RECORDS SHOWN

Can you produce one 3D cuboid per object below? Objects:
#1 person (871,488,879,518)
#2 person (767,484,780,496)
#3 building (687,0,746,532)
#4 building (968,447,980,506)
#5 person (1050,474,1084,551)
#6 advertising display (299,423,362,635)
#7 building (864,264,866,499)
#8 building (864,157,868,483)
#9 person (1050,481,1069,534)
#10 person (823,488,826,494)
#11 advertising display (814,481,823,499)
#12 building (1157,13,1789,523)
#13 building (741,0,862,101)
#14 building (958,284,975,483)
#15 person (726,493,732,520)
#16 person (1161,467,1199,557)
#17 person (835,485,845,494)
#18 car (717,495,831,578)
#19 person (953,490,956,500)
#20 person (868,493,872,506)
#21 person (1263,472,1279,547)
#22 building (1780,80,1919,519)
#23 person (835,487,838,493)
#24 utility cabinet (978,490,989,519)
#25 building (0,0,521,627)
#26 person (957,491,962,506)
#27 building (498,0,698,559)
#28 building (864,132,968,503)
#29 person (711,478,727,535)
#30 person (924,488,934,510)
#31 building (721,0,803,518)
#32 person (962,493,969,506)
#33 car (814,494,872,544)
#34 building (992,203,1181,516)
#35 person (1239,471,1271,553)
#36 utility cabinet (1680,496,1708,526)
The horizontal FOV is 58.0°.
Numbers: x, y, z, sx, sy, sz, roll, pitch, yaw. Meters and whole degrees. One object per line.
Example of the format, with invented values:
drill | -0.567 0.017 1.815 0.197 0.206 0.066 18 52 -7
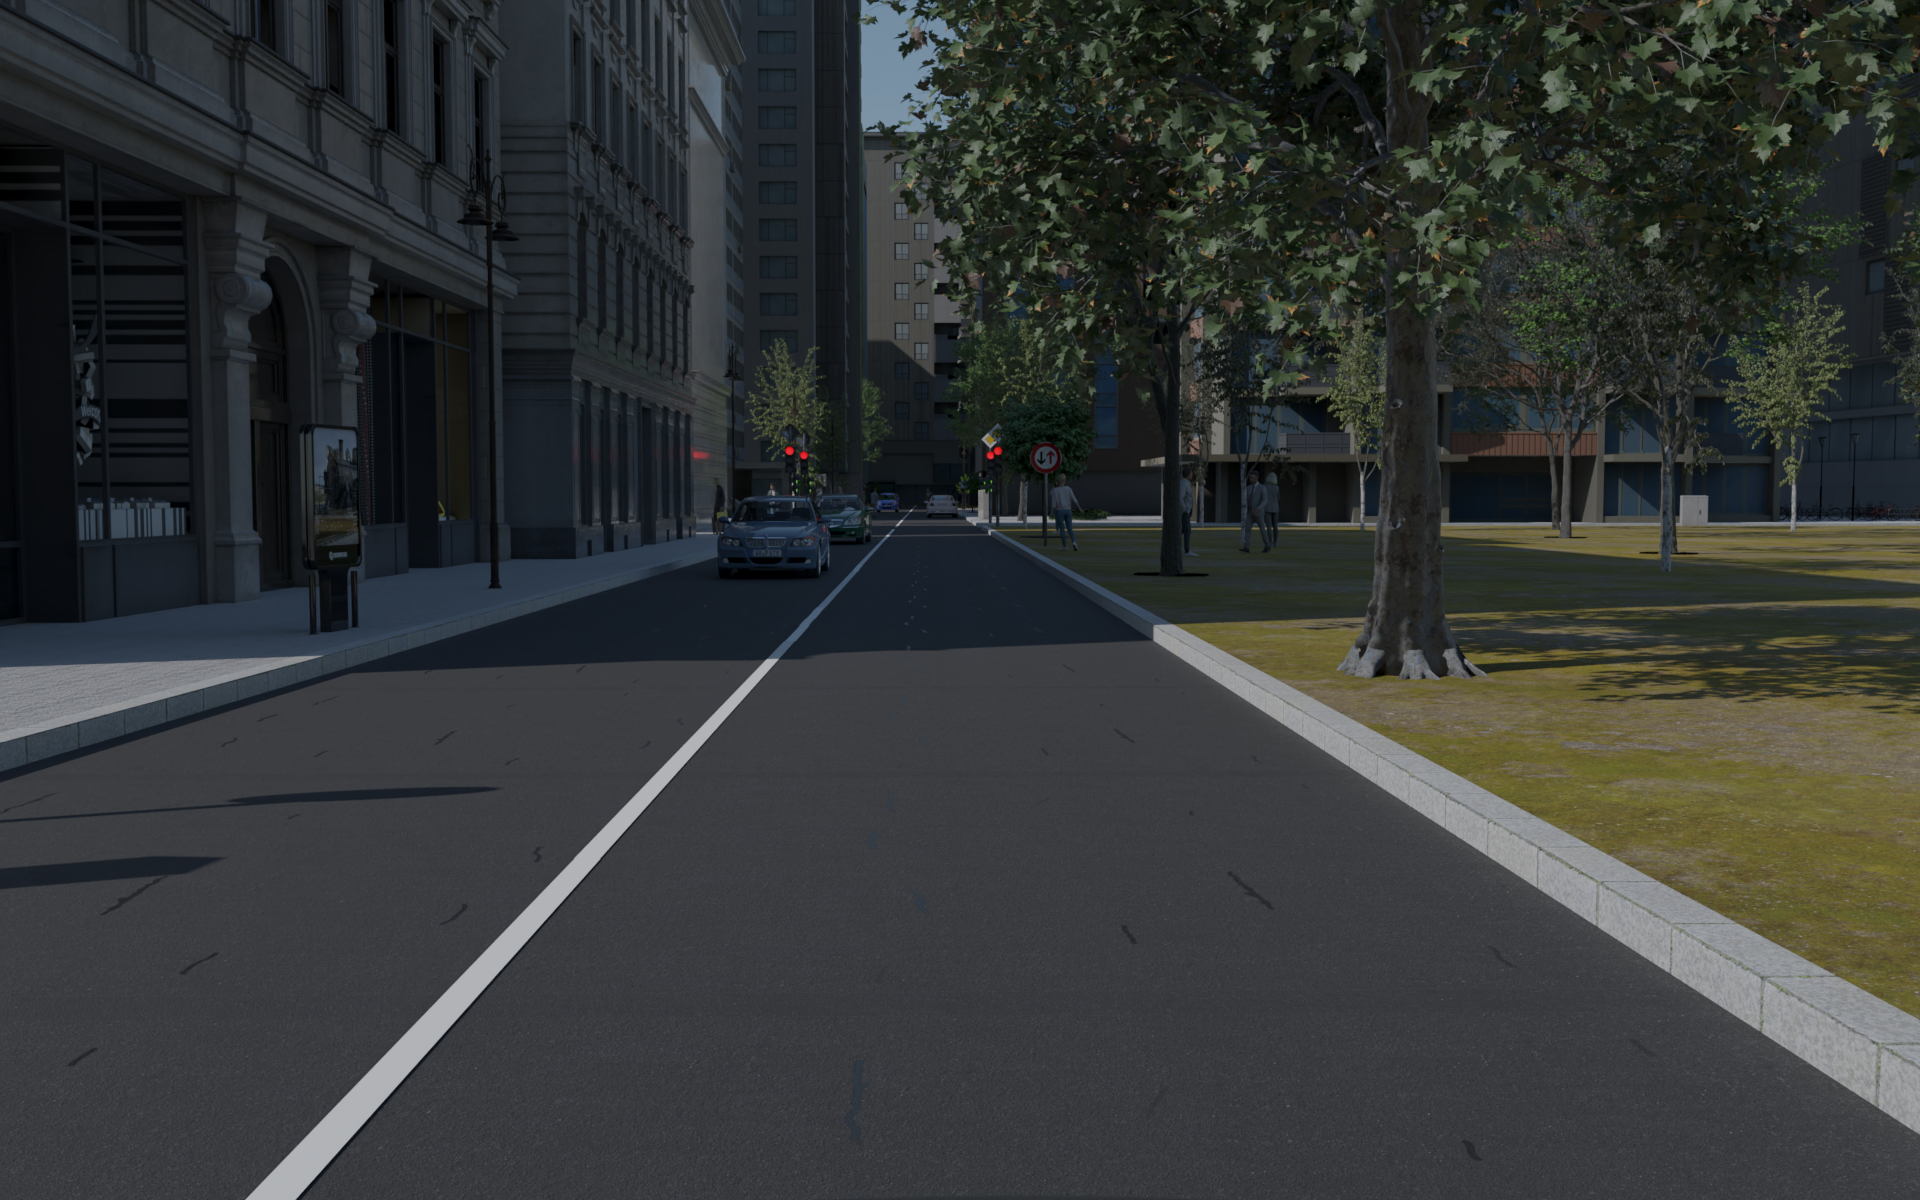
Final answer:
person | -5.091 -5.865 104.589 0.606 1.804 0.583 3 4 36
person | -8.897 -4.673 82.790 0.623 1.781 0.721 -1 4 -10
building | -18.759 -13.784 61.526 21.152 22.565 11.583 0 4 -1
building | 12.343 -53.108 180.981 22.319 86.520 31.000 0 4 -1
person | 2.466 -1.979 39.078 0.731 1.740 0.598 -2 4 -26
advertising display | -5.866 -0.671 16.186 0.123 1.923 0.974 0 4 6
building | -18.209 -26.207 200.180 14.160 30.474 14.107 0 4 -1
building | -19.071 -34.819 219.394 14.200 45.320 14.600 0 4 -1
person | 3.278 -3.024 56.073 0.593 1.750 0.643 -2 4 -29
person | -8.856 -6.386 111.045 0.643 1.750 0.593 0 4 1
advertising display | -7.153 -5.028 87.418 0.123 1.923 0.974 1 4 15
building | 23.818 -26.300 84.632 28.867 44.769 22.147 0 4 -1
building | -14.345 -27.002 125.083 14.154 41.232 14.086 0 4 -1
building | 10.902 -34.097 212.111 22.147 44.769 28.867 0 4 -1
person | -11.589 -4.834 85.254 0.728 1.800 0.709 1 4 17
person | 4.536 -1.822 35.687 0.795 1.843 0.661 1 4 12
person | -4.516 -3.401 64.447 0.599 1.781 0.374 0 4 -6
car | -3.290 -1.170 31.132 2.014 1.417 4.499 0 4 -1
person | -0.592 -11.408 193.277 0.721 1.735 1.217 -1 4 -14
person | -9.284 -10.440 180.001 0.557 1.426 1.065 -2 4 -28
person | 7.442 -2.176 41.808 0.537 1.800 0.526 -1 4 -10
building | 61.983 -30.845 93.550 27.495 52.752 28.713 0 4 -1
person | -8.095 -6.548 113.516 0.576 1.772 0.534 3 5 43
utility cabinet | 1.191 -4.863 88.196 0.318 1.500 1.173 -1 4 -12
building | -12.679 -9.900 12.773 10.553 20.767 40.483 0 4 -1
person | -0.058 -10.664 180.852 0.683 1.767 0.568 1 4 17
building | -12.419 -11.814 42.305 9.793 20.994 18.267 0 4 -1
building | -8.184 -40.399 249.769 27.495 52.752 28.713 0 4 -1
person | -7.635 -2.988 55.107 0.699 1.804 1.509 0 4 1
person | -2.028 -6.362 112.427 0.656 1.842 0.836 -1 4 -11
building | -25.180 -24.804 97.423 32.217 40.220 23.993 0 4 -1
person | 0.535 -11.225 190.511 0.756 1.711 0.436 3 4 36
car | -3.599 -2.393 50.919 2.131 1.459 4.920 0 4 1
building | 8.072 -28.051 108.752 14.600 45.320 14.200 0 4 -1
person | 6.466 -1.926 37.812 0.850 1.792 0.678 -3 4 -39
utility cabinet | 29.701 -3.603 70.077 1.020 1.237 0.306 0 4 1

ACTIVITY
Wherever the string "object" appears in the entries above, return the line it appears on.

RESPONSE BOX
Can you produce one 3D cuboid per object below? Objects:
Numbers: x, y, z, sx, sy, sz, roll, pitch, yaw. Meters and whole degrees. One object per line.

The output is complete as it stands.